RE: A Lid for the Can of Worms. Good Heavens, We'll Freeze to Death!

==> I would guess that if your doctor told you that unless you got X treatment there would be a 95% chance you would
pass away in 5 years you would pay the bill.

Actually, I get a second opinion before handing my money off to that physician. And I'd bet that so would you and almost everyone else as well. One of the issues with respect to climatology is from whom do you get that second opinion?


Good Luck
--------------
As a circle of light increases so does the circumference of darkness around it. - Albert Einstein

RE: A Lid for the Can of Worms. Good Heavens, We'll Freeze to Death!

2dye4,
I have 95% confidence that if a compressor measured parameters are more than 10% different from the model, there is a mechanical problem with the compressor. I don't have the same confidence in a multi-phase pipeline model (closer to 95% that it is wrong).
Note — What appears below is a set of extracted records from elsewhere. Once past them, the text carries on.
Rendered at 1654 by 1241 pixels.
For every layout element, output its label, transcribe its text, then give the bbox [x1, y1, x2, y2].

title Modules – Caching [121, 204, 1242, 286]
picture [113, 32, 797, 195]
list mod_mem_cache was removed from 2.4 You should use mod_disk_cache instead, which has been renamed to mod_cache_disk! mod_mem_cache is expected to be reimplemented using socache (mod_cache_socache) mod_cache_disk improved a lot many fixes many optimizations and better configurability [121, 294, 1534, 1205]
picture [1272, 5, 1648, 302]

I certainly don't have any confidence that a massive CFD model of the earth can "predict" last week let alone next decade. Anyone who says they have more than 1% confidence in a climate model is lying to themselves, you, or both.

David Simpson, PE
MuleShoe Engineering

"Belief" is the acceptance of an hypotheses in the absence of data.
"Prejudice" is having an opinion not supported by the preponderance of the data.
"Knowledge" is only found through the accumulation and analysis of data.
The plural of anecdote is not "data"

RE: A Lid for the Can of Worms. Good Heavens, We'll Freeze to Death!

"" Models are incredibly useful at estimating risk. If that was the discussion, I would be happy. IT IS NOT THE DISCUSSION. In this field models are first used to "prove" an hypotheses, and then the same self-fulfilling models are used to quantify risk""
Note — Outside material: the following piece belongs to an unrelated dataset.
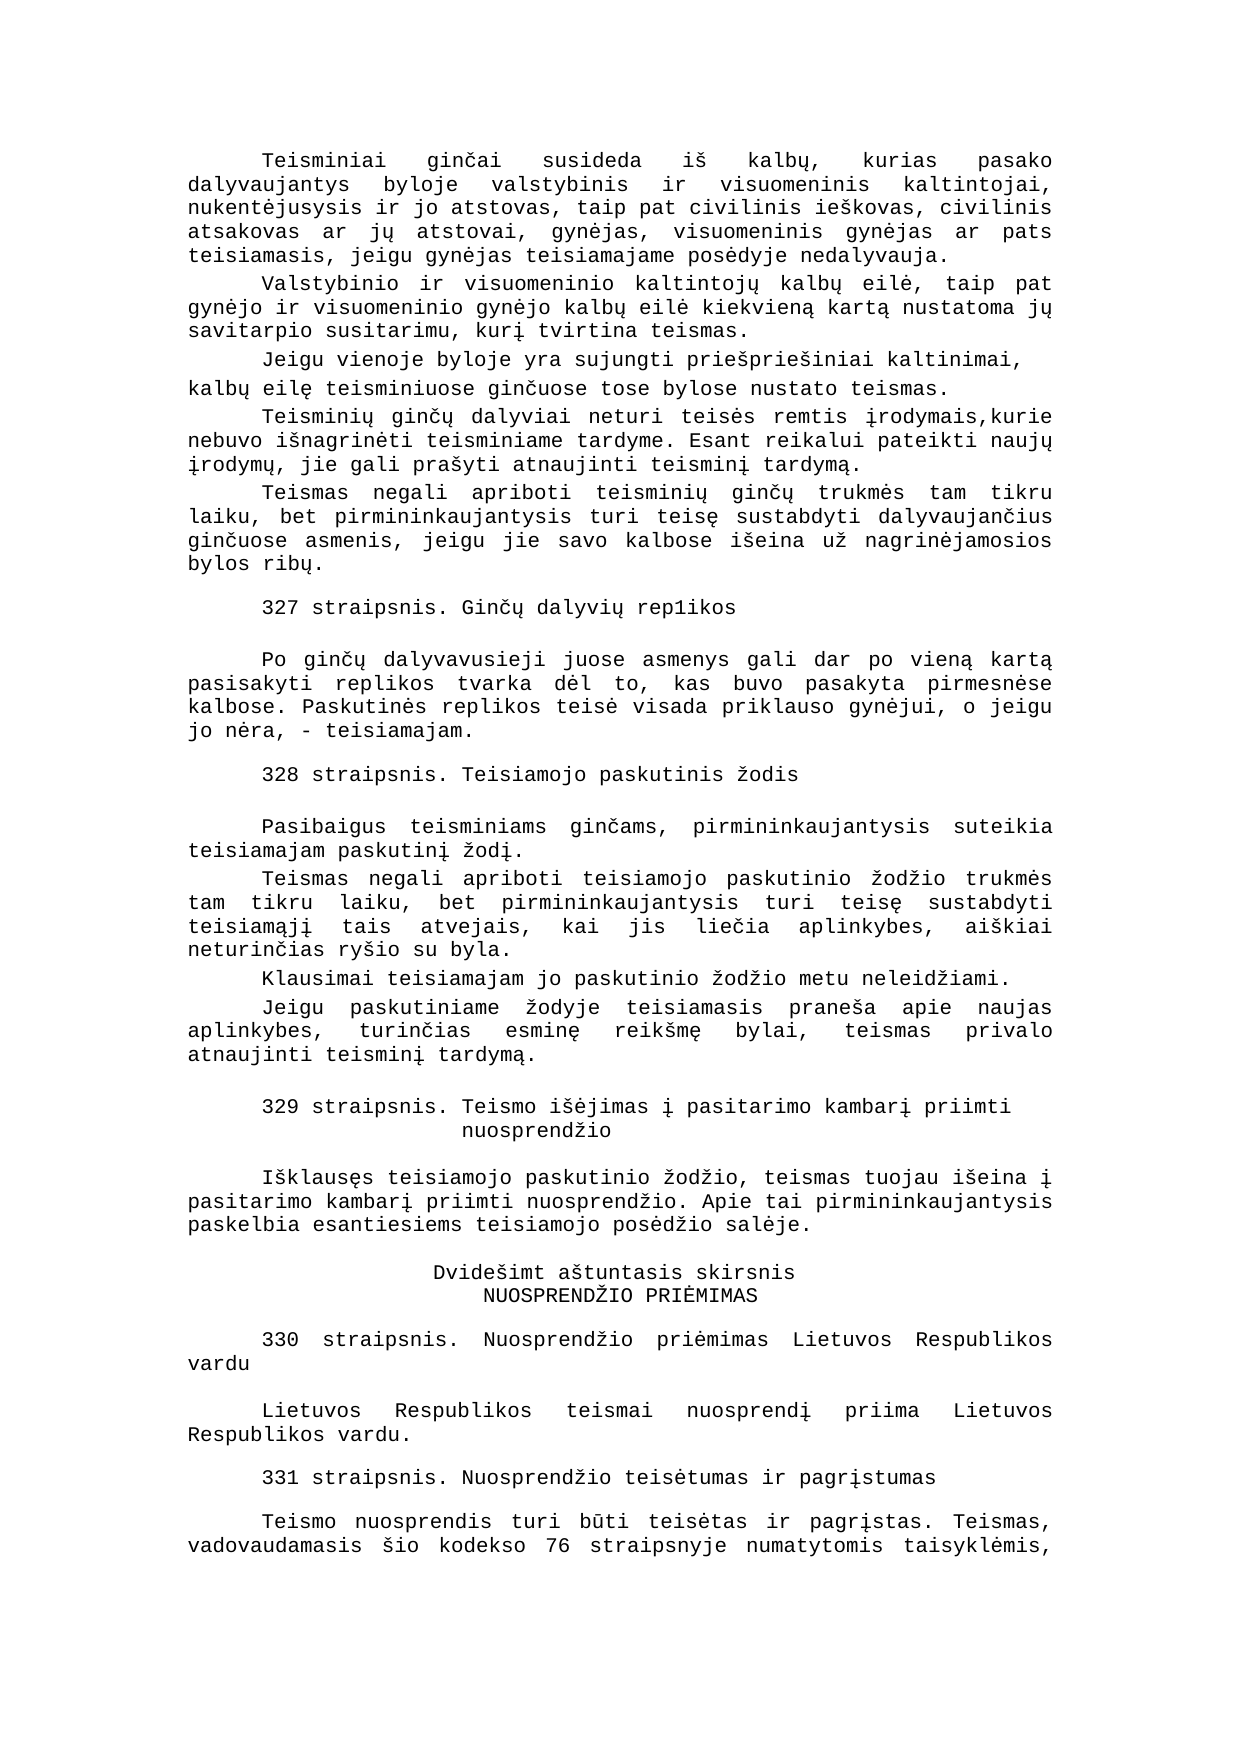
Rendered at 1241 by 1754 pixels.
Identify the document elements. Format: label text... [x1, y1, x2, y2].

A model is nothing more than a mathematical relationship whether implemented on slide rule, calculator or computer.
Some common models.

F=MA (force)
V=IR (volts)
E=MC^2 (energy)
V=AT (velocity)

Models are created to allow prediction. Now whether you consider the prediction a 'proof' is up to you.

Do you really believe climate models are designed to fit the data and not engineered from basic principles.

If I say my turkey cooks with an exponential time/temperature response because that is what heat transfer predicts
and then I hypothesize that this 'model' can be used to predict how long it takes the turkey to cook given temp and mass
am I really doing anything fundamentally different than climate modeling. You can argue about accuracy but there is no
justification to conclude that model giving way to prediction is invalid.



RE: A Lid for the Can of Worms. Good Heavens, We'll Freeze to Death!

==> Do you really believe climate models are designed to fit the data and not engineered from basic principles.
I think climate models are woefully inadequate because climate systems are far more complex than any current climate model technology.

==> I really doing anything fundamentally different than climate modeling.
The fundamental difference between your cooking model and climate models lie in the completeness of the model, the number and significance of unknown factors that are in play, and in subjective assumptions being applied to the base model. There are considerably more of all three items in climate models than exist in the cooking model.

My concern is the amount of confidence and certainty being placed in the models, despite the awareness of incompleteness, the recognition of unknowns, and the acknowledgement of subjective assumptions. That's the red flag to me. If you will, it's akin to thou protesting too much.

==> You can argue about accuracy but there is no justification to conclude that model giving way to prediction is invalid.
How much inaccuracy is acceptable before the model is considered invalid?

Good Luck
--------------
As a circle of light increases so does the circumference of darkness around it. - Albert Einstein

RE: A Lid for the Can of Worms. Good Heavens, We'll Freeze to Death!

actually, models are not strictly a mathematical relationship, they are a series of algorithms. They are much different, as some of the steps in the algorithm may have little or no basis in mathematics, statistics or science. So, the results of a "model" are not the same as the results of a mathematical equation. And certainly, some of the equations used in some "models" are based on "scientific" relationships which may or may not have been fully vetted.

one of the hallmarks of "good science" is that a fully objective view must be maintained. The fact that some "Doth Protest Too Much" indicates a lack of objectivity.

(take this opinion with a grain of salt, since I may not be fully qualified to render one...)

RE: A Lid for the Can of Worms. Good Heavens, We'll Freeze to Death!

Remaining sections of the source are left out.